:: GIVEN INFORMATION ::

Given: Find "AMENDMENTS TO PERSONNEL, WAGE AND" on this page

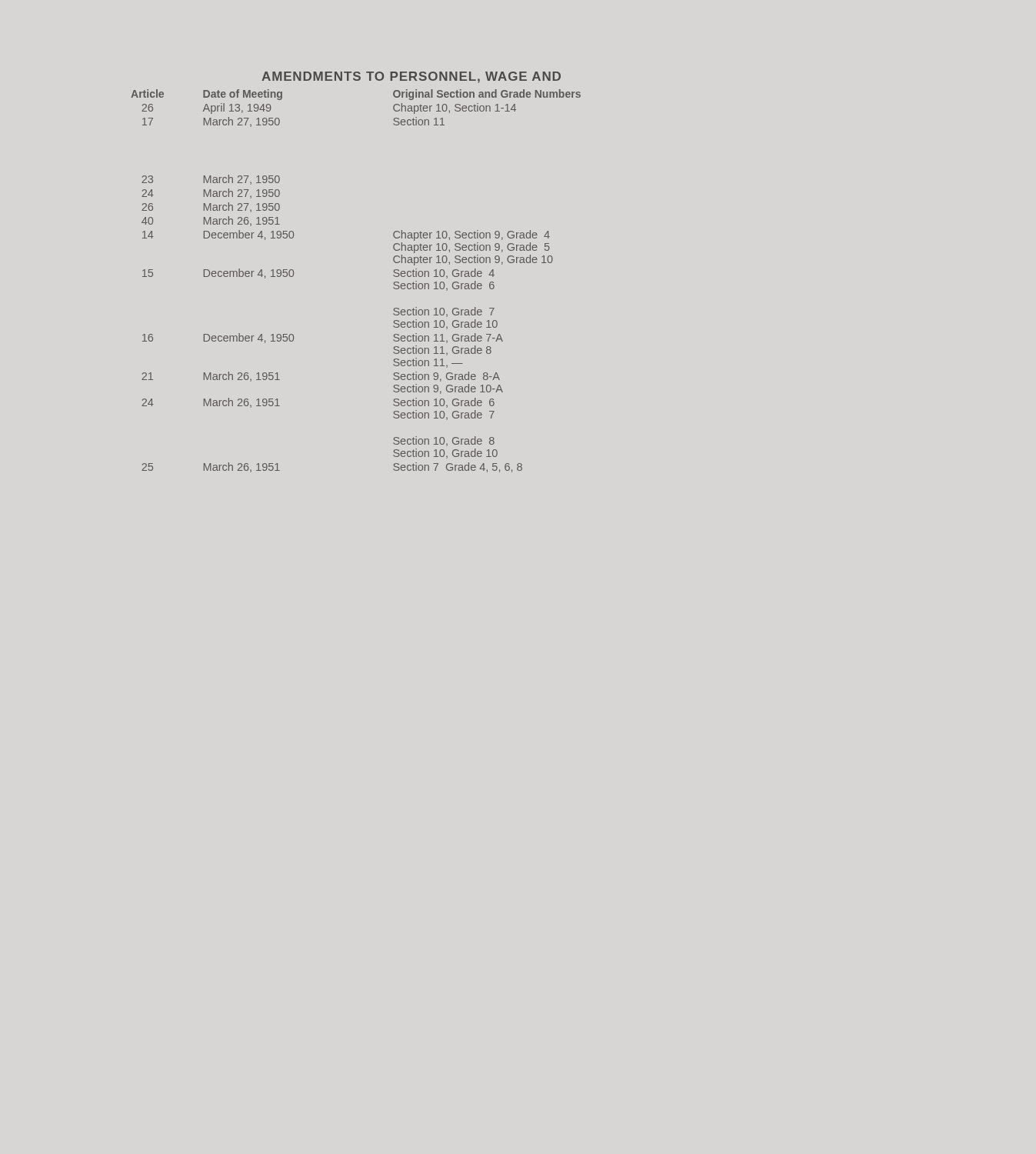Looking at the screenshot, I should pos(412,77).
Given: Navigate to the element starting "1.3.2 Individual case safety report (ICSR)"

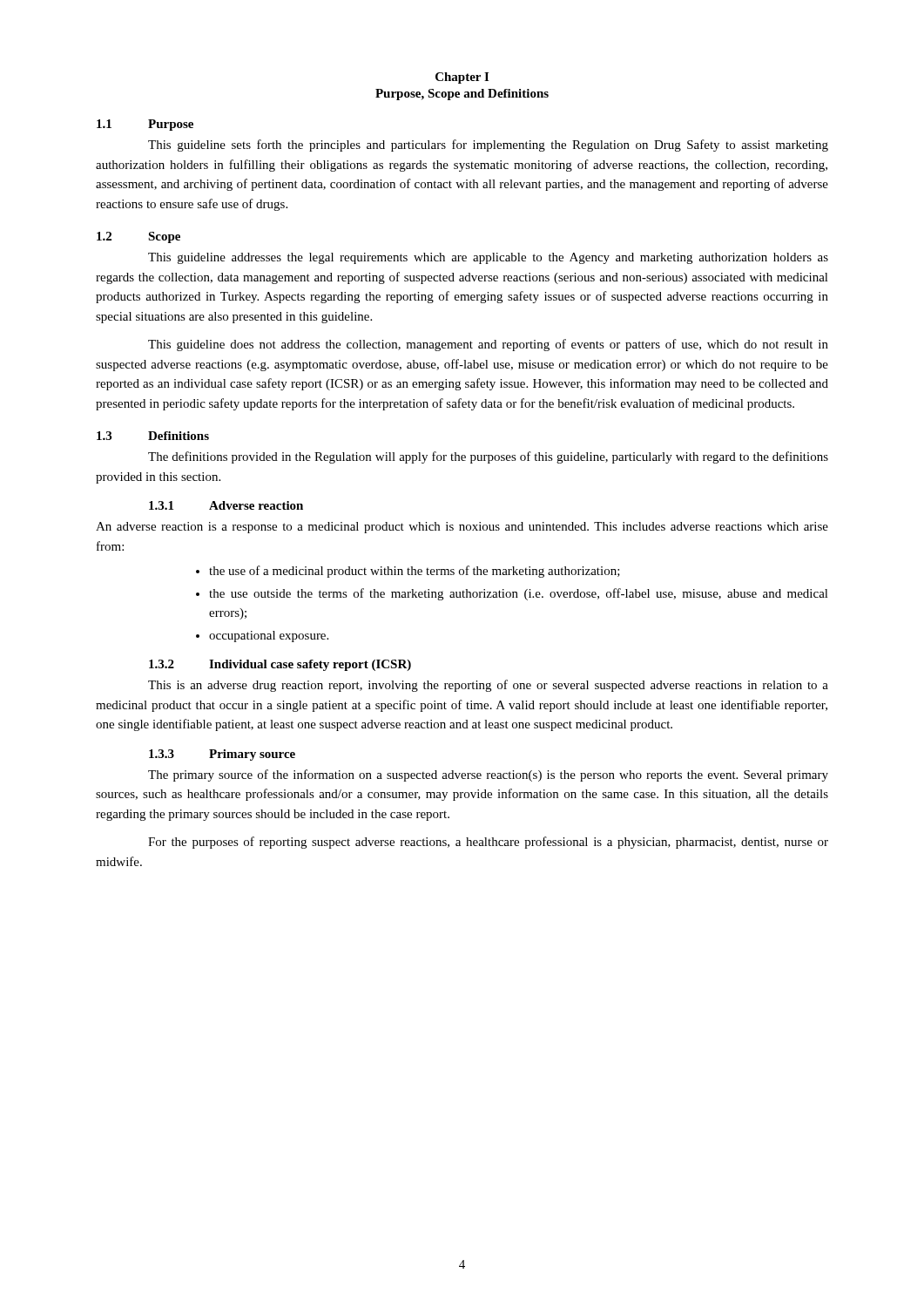Looking at the screenshot, I should 280,664.
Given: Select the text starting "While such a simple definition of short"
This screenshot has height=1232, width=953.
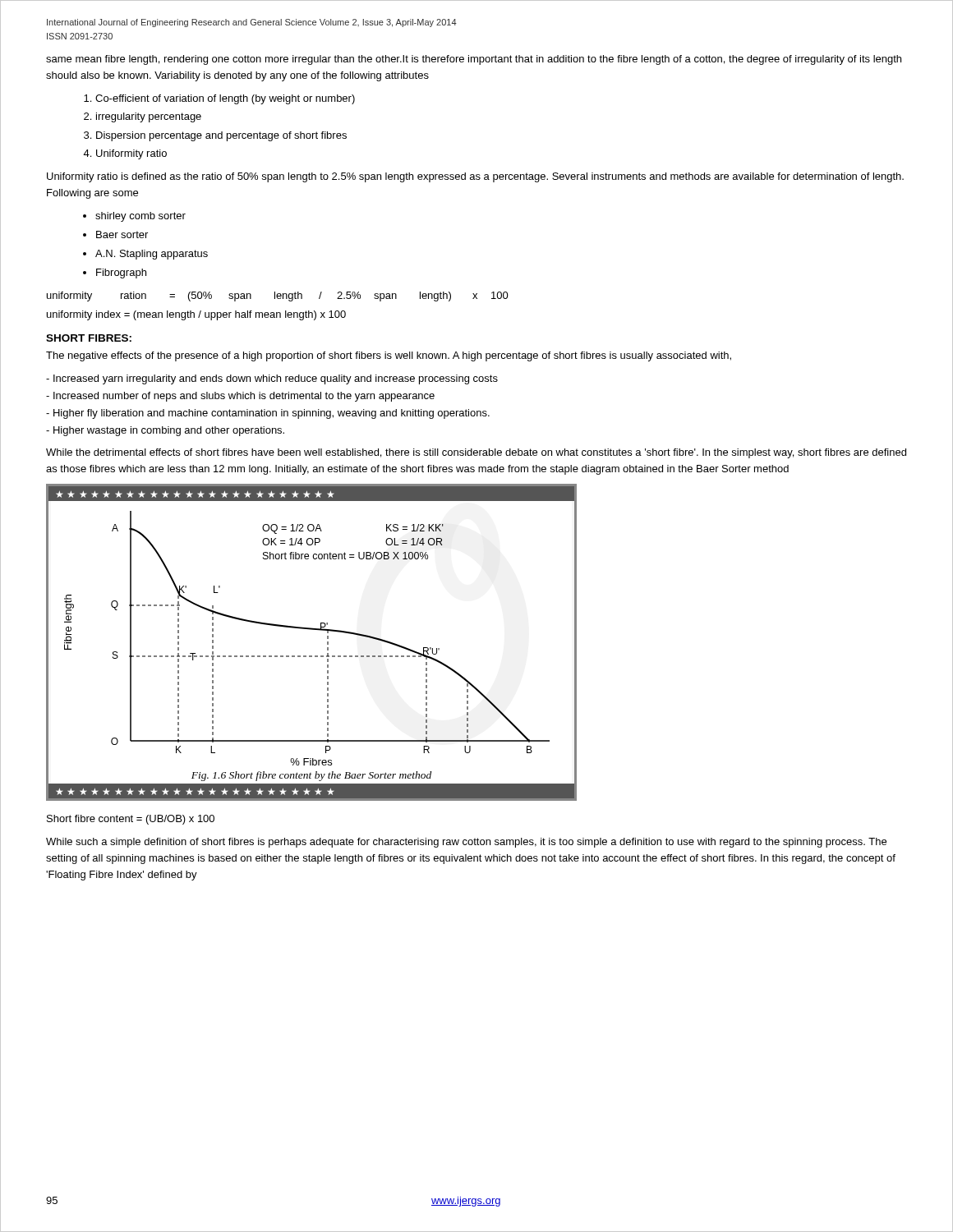Looking at the screenshot, I should (471, 858).

:::

- **WORK INSTRUCTION**
Leaving out the pictures, restate word for word the lines above from the one containing "Given: Select the" through the end of the records, both ends included.

- **EXPECTED ANSWER**
Given: Select the text starting "While such a simple definition of short"
This screenshot has height=1232, width=953.
Looking at the screenshot, I should (471, 858).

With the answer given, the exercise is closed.